Bad-behaviour-movie-review-jennifer-connelly
Courtesy of Sundance Institute

MOVIE REVIEW
Bad Behaviour (2023)

Showbiz mothers, already indicted many times for many crimes, are back in the dock in "Bad Behaviour" before being let out on parole. Alice Englert, writing and directing her feature debut after a couple of short films, plays the younger side of a mother-daughter relationship bent out of shape by the influence of the past, in this case by the parent's acting fame from years before. That the daughter, Dylan (Ms. Englert), has followed her mother Lucy (Jennifer Connelly) into the same industry is just one dimension of a tense codependency. Ms. Englert would know something about this kind of potential disaster, although her own mother, Jane Campion, cameos here offering moral support, and the vibe is comedy-drama compassion not confessional.
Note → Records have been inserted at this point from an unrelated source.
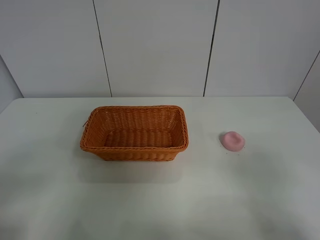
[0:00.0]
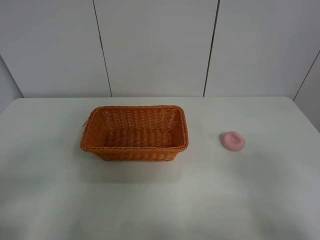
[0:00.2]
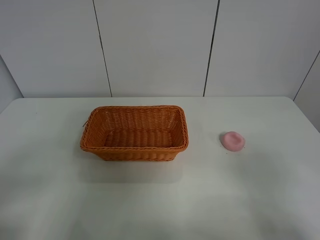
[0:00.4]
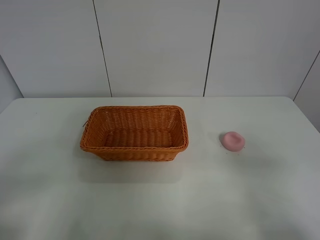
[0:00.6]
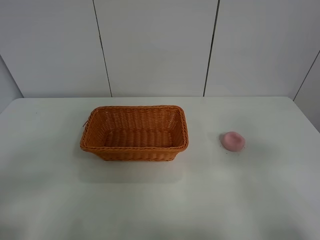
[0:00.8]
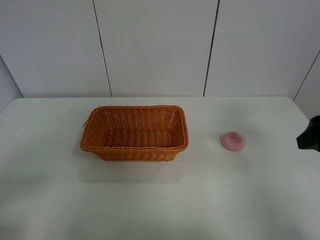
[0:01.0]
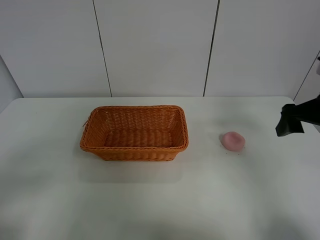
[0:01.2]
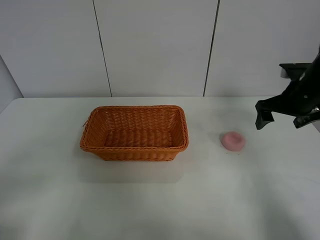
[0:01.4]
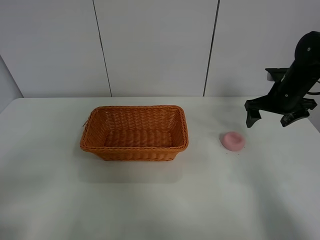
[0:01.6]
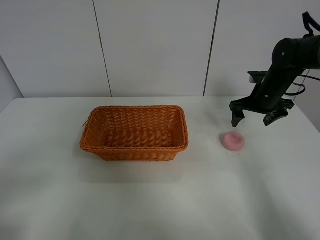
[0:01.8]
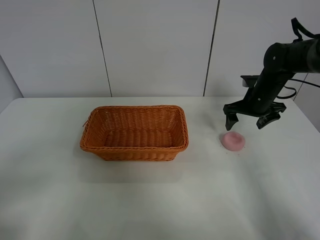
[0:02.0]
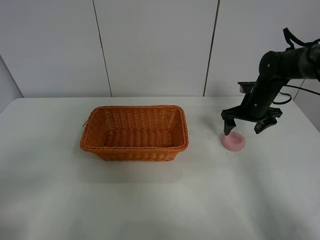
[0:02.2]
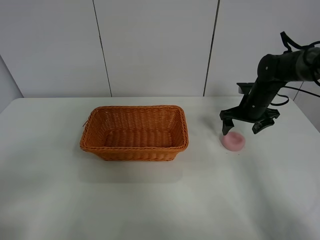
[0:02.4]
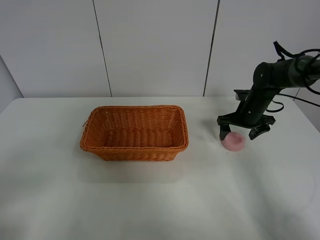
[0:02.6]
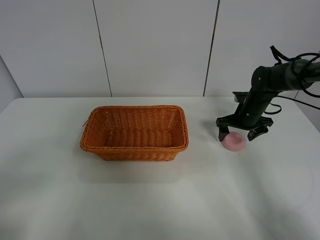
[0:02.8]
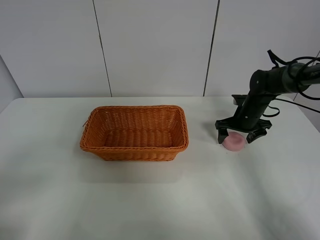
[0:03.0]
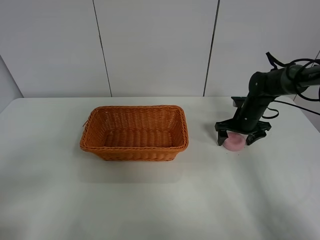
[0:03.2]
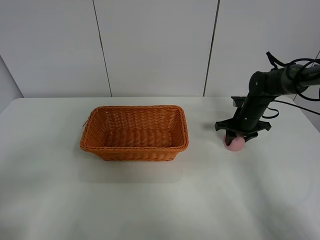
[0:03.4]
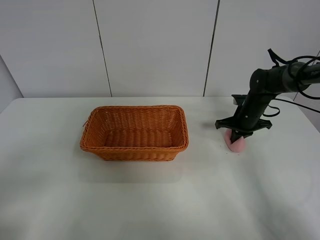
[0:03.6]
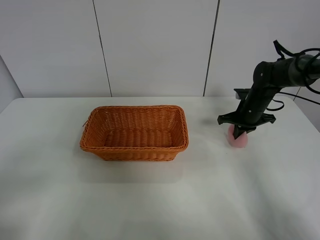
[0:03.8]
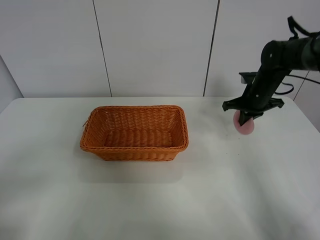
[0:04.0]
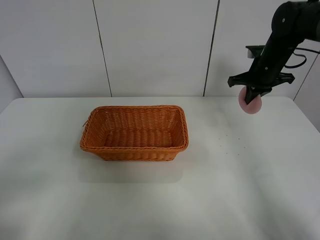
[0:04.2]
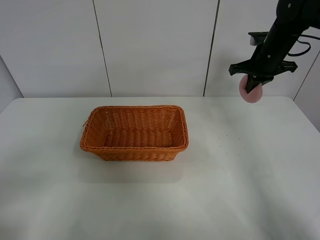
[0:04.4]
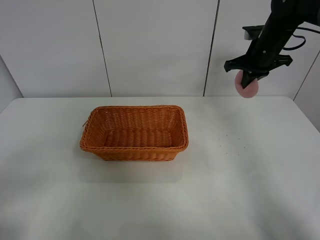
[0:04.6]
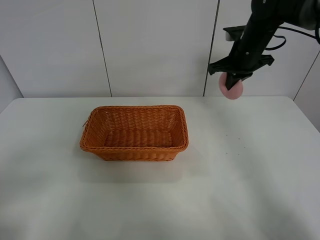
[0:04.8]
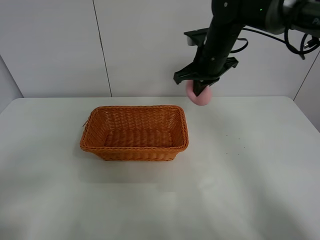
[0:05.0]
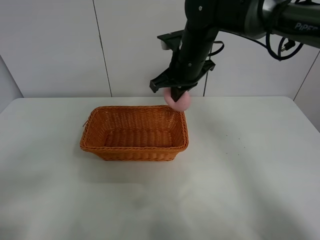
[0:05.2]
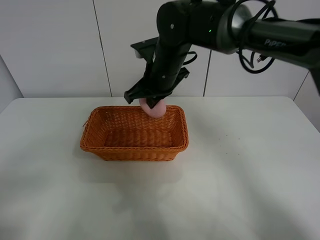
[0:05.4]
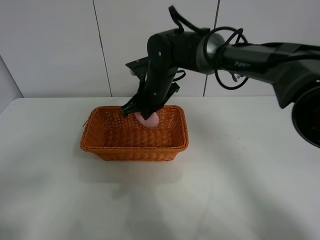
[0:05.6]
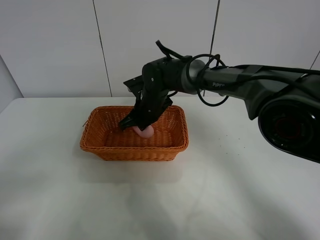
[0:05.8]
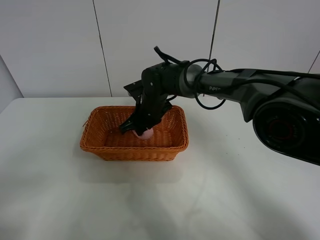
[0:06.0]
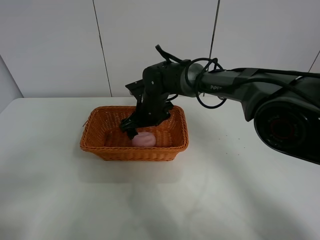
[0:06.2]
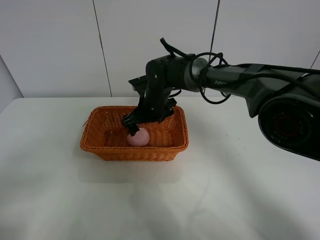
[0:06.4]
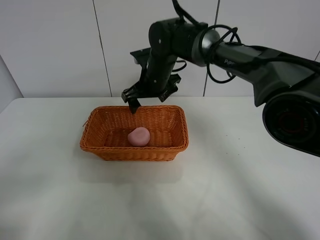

Lucy is a neurotic ball of festering guilt, and presumably has been for ages. Arriving at the isolated Loveland Ranch to join a group therapy retreat and work through some of these issues, Lucy immediately homes in on the one spot on the campus where a decent phone signal lets her call Dylan as often as possible, never mind that her daughter is at work as a stuntwoman on a film and might be best left undisturbed. The therapy is delivered by a self-help guru named Elon (yes indeed) Bello, played by Ben Whishaw as a condescending nincompoop bellowing downer aphorisms like "Don't give in to hope!" He swaddles half the group in blankets like babies and has the other half nurse them like mothers; the tears flow, Lucy perhaps thinking about how much she paid for this cod talking-cure fandango.

Clearly Lucy is pursed and tense and going to go off like a land mine at some point. Dylan is more complicated, partly since Ms. Englert is 28 years old. A plot that would work one way if the daughter was a teenager flexes a bit differently with her as a grown woman, one more comfortable doing physical stunts than she is letting her emotional shields down. While throwing herself down staircases and lolloping around in a motion-capture outfit like Andy Serkis, Ms. Englert smiles more often and more broadly here than in her last three projects combined.

Dylan eventually travels to the therapy retreat herself, where she and Lucy confront each other in the symbolically wild New Zealand landscape where the film was made, and then Dylan doesn't smile so much. Lucy's original fame came from a warrior princess TV show apparently called "Flora the Fierce," while Dylan is employed years later doing stunts for similar fantasy characters clobbering each other with mystic weaponry; a neat complaint about both the unbreakable cycles of difficult family history and Hollywood's dearth of decent work for women.